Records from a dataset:

····················

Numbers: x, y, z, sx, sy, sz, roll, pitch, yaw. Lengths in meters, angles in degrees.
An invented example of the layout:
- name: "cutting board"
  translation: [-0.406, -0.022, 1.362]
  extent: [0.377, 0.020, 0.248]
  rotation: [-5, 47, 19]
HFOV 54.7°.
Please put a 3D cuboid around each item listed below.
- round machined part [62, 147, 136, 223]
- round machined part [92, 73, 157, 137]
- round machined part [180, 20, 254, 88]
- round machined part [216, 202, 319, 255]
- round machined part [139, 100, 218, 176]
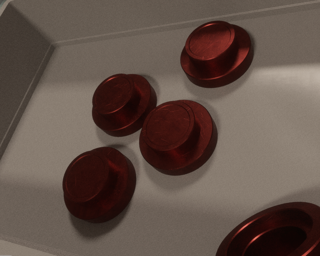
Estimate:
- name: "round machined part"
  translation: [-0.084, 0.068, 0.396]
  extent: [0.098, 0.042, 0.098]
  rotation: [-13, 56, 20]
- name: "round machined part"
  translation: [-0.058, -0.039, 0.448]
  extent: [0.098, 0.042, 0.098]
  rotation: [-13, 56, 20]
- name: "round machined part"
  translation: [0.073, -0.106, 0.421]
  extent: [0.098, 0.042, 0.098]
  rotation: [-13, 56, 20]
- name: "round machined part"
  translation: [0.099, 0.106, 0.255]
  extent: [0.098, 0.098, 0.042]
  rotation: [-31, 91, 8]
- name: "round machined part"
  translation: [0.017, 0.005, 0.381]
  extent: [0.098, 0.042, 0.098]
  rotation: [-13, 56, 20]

····················

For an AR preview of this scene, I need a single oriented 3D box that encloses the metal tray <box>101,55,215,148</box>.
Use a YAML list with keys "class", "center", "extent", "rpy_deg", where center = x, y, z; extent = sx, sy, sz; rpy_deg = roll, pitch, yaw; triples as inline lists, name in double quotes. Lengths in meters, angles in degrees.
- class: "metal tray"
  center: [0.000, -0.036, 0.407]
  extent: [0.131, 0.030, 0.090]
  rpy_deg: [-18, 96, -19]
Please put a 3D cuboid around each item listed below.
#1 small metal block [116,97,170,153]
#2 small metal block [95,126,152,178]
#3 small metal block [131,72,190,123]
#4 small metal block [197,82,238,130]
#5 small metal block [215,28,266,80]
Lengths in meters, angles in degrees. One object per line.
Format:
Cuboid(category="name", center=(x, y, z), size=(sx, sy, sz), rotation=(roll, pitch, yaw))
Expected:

····················

* **What you should do**
The expected result is a copy of each line in the records where "block" appears.

* **Response**
#1 small metal block [116,97,170,153]
#2 small metal block [95,126,152,178]
#3 small metal block [131,72,190,123]
#4 small metal block [197,82,238,130]
#5 small metal block [215,28,266,80]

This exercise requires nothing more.